● Required action:
Please restate the entries verbatim. The copy should hold no pictures.

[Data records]
╔══

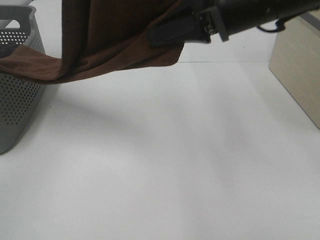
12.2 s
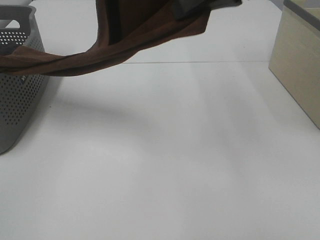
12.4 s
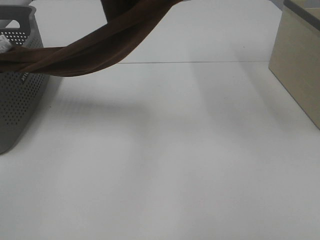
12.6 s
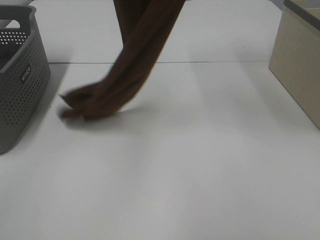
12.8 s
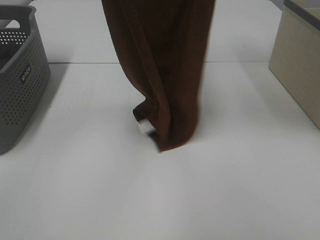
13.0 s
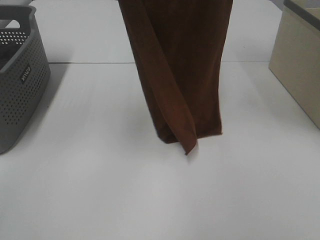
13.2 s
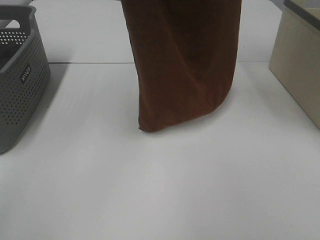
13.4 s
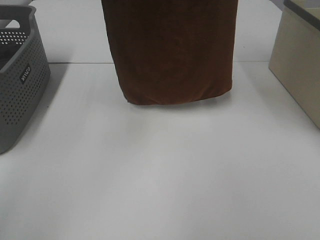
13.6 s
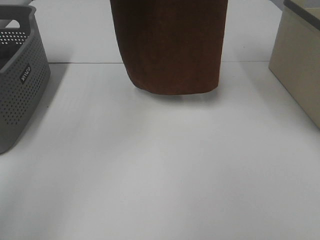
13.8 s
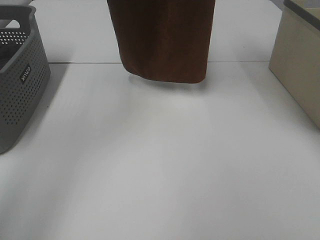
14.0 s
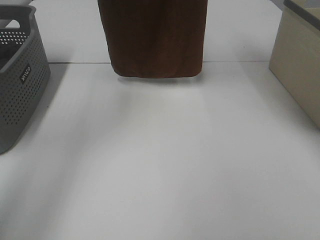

╚══

● Completed task:
12.2 s
12.4 s
12.6 s
12.8 s
13.0 s
13.2 s
13.4 s
13.6 s
13.8 s
14.0 s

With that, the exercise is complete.